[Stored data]
══════════

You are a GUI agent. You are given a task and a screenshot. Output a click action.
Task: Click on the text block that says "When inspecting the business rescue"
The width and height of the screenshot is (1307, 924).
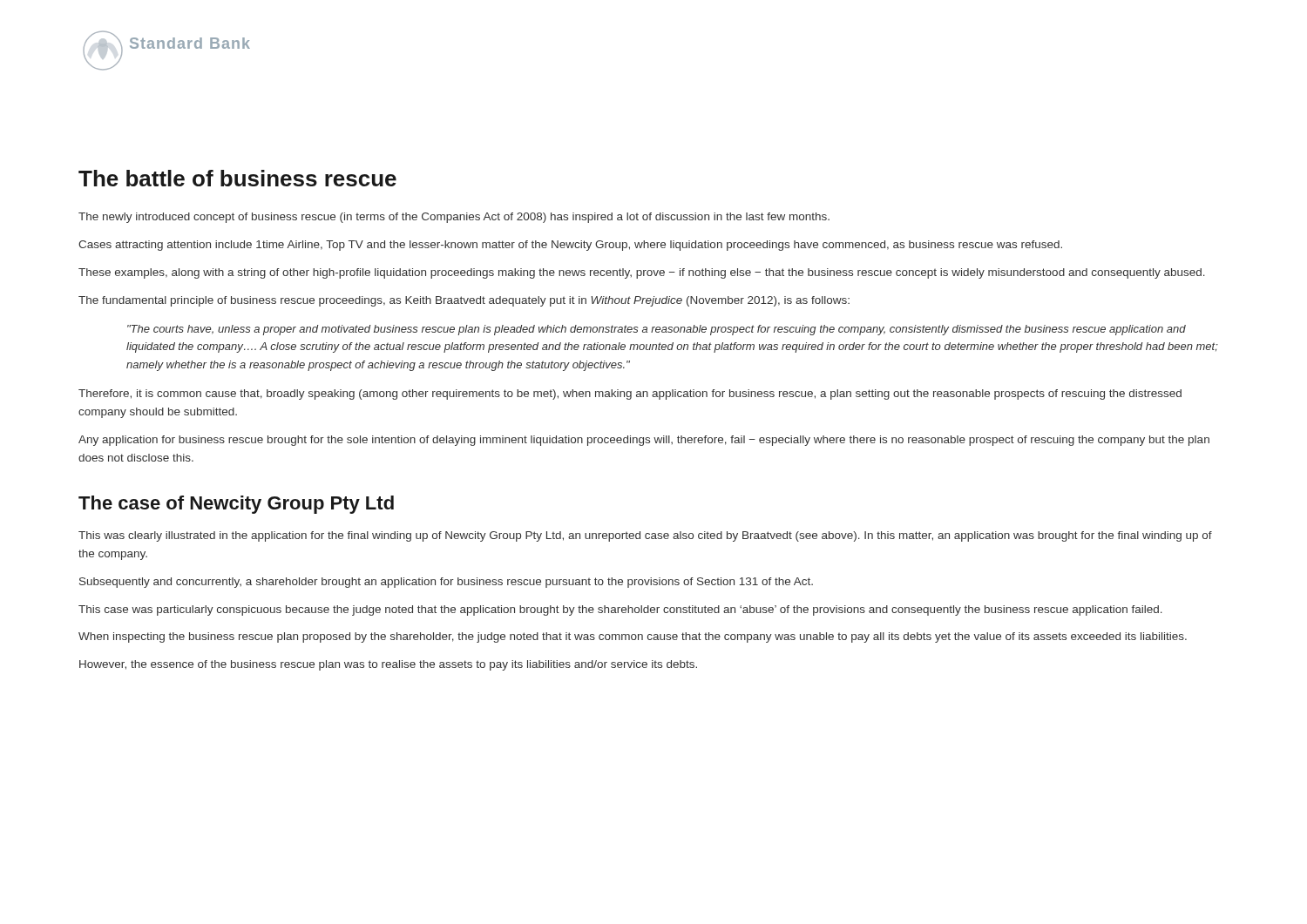633,637
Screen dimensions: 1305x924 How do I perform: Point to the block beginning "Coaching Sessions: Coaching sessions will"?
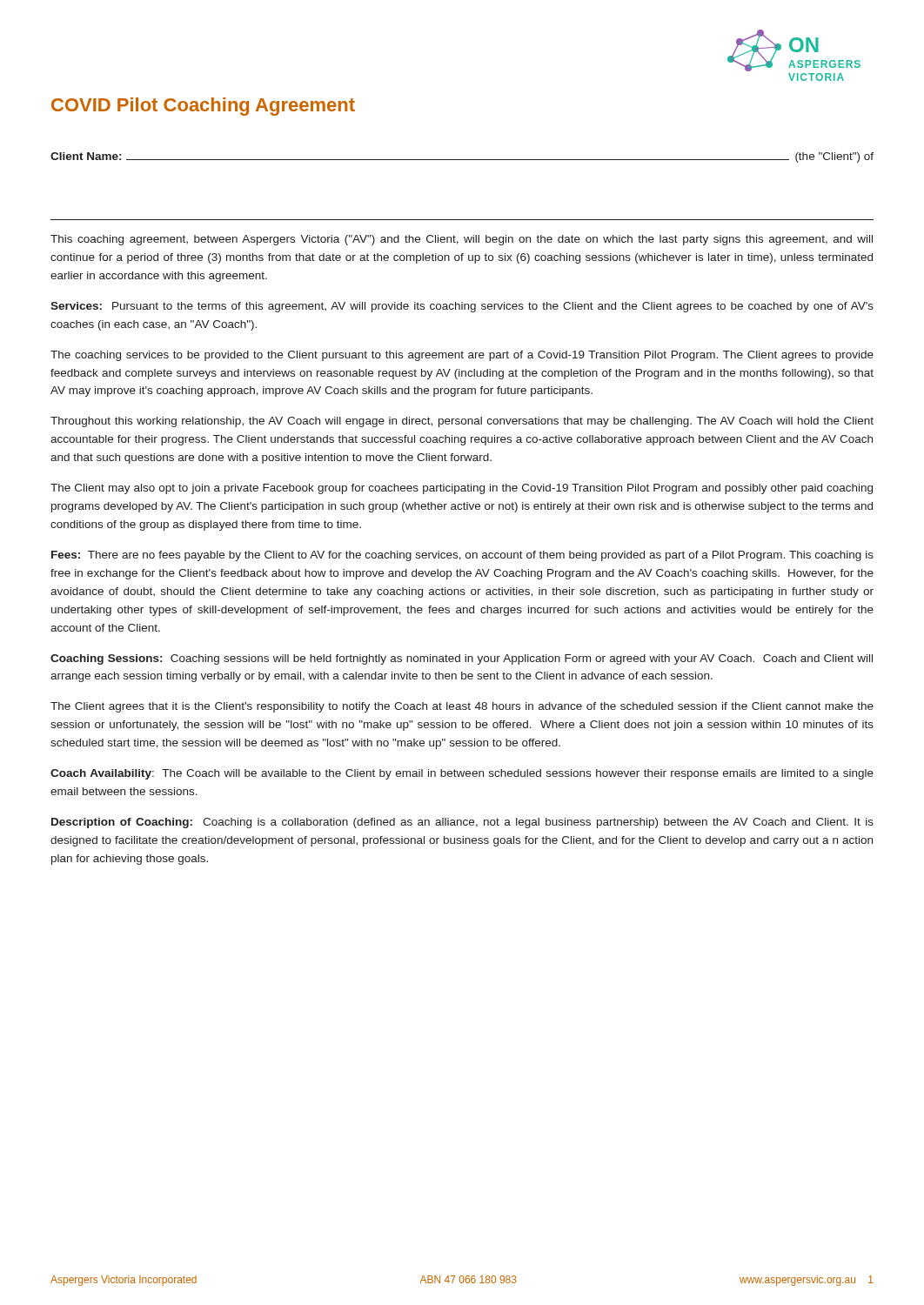[x=462, y=667]
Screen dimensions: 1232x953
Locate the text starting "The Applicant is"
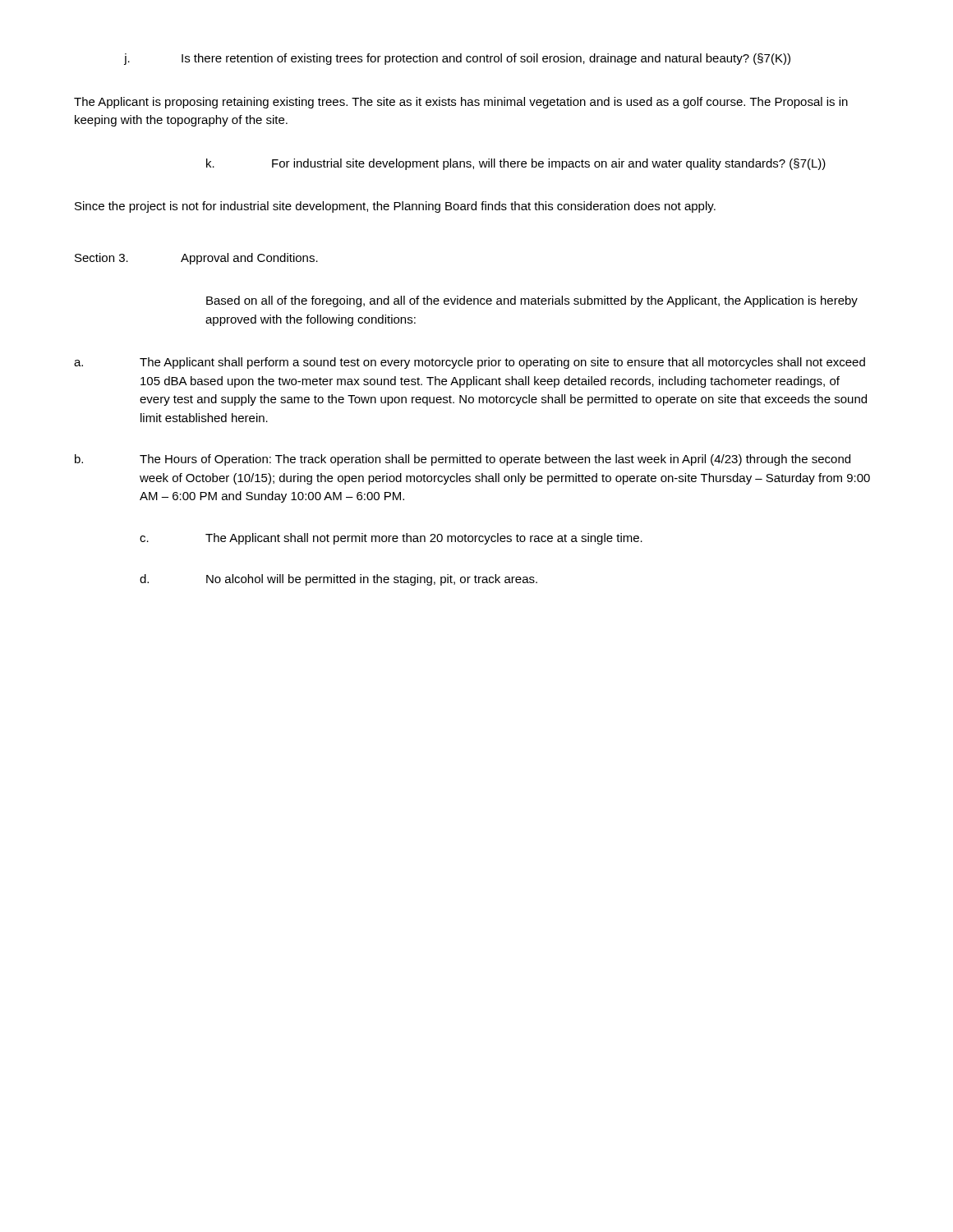(461, 110)
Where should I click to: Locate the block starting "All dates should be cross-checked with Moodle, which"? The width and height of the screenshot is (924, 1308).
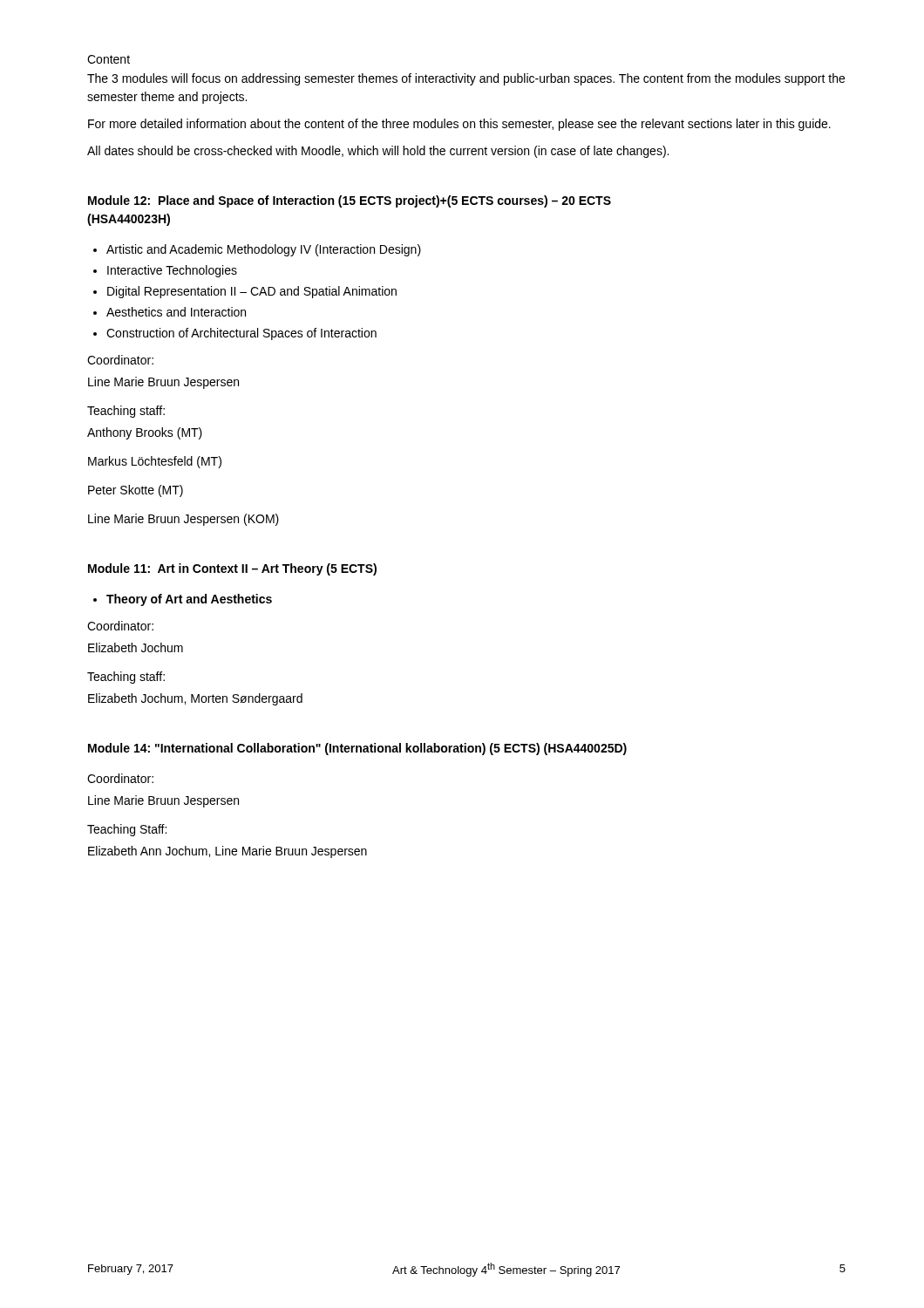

══════════

ASSIGNMENT — Make a verbatim copy of all the entries and strip out the pictures.

FINISHED TASK —
You are a GUI agent. You are given a task and a screenshot. Output a click action.
Task: Click on the text block that says "When inspecting the business rescue"
The width and height of the screenshot is (1307, 924).
633,637
Screen dimensions: 1305x924 How do I perform: Point to the block beginning "Coaching Sessions: Coaching sessions will"?
[x=462, y=667]
Screen dimensions: 1232x953
Locate the text starting "The Applicant is"
(461, 110)
Where should I click to: Locate the block starting "All dates should be cross-checked with Moodle, which"? The width and height of the screenshot is (924, 1308).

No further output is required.